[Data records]
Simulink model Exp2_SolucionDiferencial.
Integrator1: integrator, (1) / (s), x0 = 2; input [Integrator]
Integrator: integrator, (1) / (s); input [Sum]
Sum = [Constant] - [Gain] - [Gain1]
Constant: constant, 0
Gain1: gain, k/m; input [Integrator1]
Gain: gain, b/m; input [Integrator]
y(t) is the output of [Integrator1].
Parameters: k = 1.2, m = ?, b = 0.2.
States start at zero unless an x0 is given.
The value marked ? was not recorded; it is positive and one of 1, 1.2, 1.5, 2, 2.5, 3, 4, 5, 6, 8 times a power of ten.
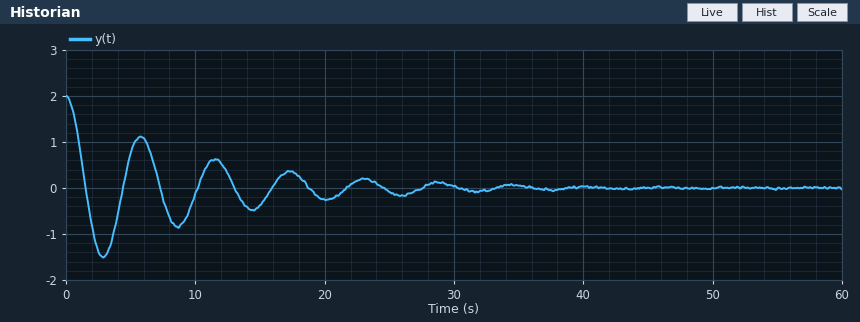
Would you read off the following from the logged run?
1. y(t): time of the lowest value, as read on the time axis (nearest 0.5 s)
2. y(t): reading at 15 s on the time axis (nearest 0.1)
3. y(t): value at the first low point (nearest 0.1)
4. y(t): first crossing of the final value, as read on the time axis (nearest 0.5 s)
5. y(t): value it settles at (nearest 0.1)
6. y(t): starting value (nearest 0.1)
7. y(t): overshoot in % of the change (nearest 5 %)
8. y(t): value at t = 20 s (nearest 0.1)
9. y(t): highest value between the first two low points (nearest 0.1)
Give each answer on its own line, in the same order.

==

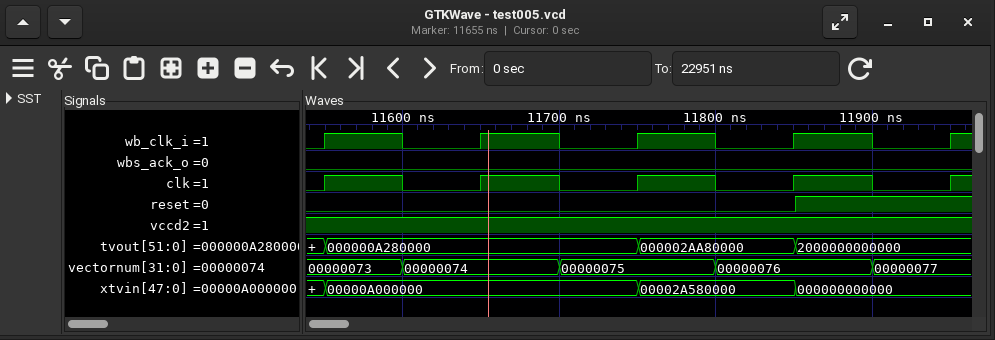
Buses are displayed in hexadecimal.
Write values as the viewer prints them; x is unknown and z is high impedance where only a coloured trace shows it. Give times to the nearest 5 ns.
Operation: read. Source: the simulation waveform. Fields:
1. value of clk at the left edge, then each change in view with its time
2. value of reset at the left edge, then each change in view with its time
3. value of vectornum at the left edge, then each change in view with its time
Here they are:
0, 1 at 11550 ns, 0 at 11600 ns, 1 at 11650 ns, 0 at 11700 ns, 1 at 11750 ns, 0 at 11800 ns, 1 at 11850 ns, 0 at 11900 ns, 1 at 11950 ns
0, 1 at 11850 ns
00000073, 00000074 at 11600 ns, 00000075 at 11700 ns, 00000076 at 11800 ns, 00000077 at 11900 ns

...

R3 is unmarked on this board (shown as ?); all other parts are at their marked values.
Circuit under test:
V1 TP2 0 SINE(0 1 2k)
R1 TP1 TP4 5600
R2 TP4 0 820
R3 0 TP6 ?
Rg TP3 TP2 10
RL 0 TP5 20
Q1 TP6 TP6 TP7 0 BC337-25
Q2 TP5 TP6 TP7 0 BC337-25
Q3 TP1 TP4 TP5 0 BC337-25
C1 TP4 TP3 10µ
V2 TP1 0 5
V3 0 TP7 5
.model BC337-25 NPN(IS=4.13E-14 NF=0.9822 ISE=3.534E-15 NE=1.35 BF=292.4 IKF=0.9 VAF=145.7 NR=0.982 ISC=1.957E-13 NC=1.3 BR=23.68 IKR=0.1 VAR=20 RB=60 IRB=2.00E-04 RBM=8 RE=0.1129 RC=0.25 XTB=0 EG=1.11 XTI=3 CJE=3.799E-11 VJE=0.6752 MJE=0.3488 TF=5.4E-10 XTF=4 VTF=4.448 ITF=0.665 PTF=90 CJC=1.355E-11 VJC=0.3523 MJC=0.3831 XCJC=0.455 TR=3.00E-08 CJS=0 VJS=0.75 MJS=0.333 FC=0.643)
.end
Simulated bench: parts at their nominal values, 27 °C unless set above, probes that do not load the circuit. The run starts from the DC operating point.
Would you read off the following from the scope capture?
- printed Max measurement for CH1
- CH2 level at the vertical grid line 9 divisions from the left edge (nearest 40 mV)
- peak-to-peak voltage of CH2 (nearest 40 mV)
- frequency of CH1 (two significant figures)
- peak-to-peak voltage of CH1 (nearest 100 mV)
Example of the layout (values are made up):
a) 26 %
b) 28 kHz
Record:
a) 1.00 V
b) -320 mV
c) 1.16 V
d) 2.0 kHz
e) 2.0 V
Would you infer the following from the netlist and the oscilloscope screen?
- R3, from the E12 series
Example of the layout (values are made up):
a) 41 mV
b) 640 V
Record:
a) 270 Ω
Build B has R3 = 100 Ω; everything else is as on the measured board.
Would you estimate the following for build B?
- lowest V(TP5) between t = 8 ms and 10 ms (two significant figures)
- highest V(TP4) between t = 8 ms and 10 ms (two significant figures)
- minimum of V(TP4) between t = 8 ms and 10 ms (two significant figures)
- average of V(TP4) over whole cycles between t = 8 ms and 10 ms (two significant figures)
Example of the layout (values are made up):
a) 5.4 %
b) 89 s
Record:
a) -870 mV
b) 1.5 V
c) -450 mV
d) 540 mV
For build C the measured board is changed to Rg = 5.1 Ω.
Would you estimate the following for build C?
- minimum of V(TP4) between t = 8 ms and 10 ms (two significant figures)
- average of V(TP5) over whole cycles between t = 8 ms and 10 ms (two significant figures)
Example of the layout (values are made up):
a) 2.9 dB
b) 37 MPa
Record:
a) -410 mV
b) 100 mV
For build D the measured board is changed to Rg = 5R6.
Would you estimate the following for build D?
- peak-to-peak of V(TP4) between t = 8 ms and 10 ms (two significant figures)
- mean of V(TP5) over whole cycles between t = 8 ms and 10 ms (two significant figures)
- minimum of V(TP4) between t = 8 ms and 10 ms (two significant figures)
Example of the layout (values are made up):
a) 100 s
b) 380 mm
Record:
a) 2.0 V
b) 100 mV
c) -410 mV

-- Problem requirements --
Among the records above, repeat exactly the line with "Simulink model Exp2_SolucionDiferencial.", the line with "Gain: gain, b/m; input [Integrator]", and every line in between, and only those.

-- Solved problem --
Simulink model Exp2_SolucionDiferencial.
Integrator1: integrator, (1) / (s), x0 = 2; input [Integrator]
Integrator: integrator, (1) / (s); input [Sum]
Sum = [Constant] - [Gain] - [Gain1]
Constant: constant, 0
Gain1: gain, k/m; input [Integrator1]
Gain: gain, b/m; input [Integrator]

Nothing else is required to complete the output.